To the Delegates of the Late Washington Disarmament Conference:
I believe you will agree that the fundamental idea of your historic body lately disbanded in Washington was world peace, which, pursued on a line of logical advance, must ultimate in a working world brotherhood and the necessary birth of a world nationality.
Such union of all the races of the earth under one constitution, one government and one flag, is the only guarantee of our war-weary civilization against the danger of its disintegration through future wars, compared with which the nightmare just past must be considered but a good-natured passage at arms -- in view of the frightful efficiency of the most recent enginery of war.

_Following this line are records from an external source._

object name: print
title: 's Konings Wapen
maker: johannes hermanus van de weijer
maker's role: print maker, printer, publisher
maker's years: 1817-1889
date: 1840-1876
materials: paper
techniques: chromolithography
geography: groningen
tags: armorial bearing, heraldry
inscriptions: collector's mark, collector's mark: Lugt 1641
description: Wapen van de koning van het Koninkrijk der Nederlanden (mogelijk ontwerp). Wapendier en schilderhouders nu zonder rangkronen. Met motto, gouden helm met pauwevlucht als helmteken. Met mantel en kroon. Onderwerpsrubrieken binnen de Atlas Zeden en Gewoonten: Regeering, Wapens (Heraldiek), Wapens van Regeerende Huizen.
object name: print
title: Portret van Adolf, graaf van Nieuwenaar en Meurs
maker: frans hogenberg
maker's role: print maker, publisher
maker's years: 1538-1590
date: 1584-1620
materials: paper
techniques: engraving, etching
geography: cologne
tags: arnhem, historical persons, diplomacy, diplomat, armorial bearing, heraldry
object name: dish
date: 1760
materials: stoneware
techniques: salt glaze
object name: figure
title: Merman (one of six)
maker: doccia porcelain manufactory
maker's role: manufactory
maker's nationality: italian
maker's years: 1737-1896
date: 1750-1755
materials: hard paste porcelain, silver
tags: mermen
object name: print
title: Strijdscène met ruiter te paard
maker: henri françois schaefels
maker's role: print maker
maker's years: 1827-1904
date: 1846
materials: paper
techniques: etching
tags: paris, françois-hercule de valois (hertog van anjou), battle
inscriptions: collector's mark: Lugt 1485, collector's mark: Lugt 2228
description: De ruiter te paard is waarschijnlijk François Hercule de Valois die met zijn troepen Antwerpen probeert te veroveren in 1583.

Nations prostrated and the challenging horoscope of the future are throwing the entire world back upon its ideals, and forcing it either to act upon the assumption, preached everywhere, that a world brotherhood -- and this is in substance only a world nation -- is its ultimate and conceded ideal, or, failing to act, to confess its insincerity and cowardice in not backing up that ideal.
This challenge runs to everyone interested in world peace, and to every conference or other body called or assembled in aid of that cause.
Acting on this idea the writer tendered to your late Disarmament Conference -- whose basal call was obviously a furtherance of world peace -- a concrete design of a "World Flag," or "Flag of All Nations," a colored lithographic cut of which is shown above.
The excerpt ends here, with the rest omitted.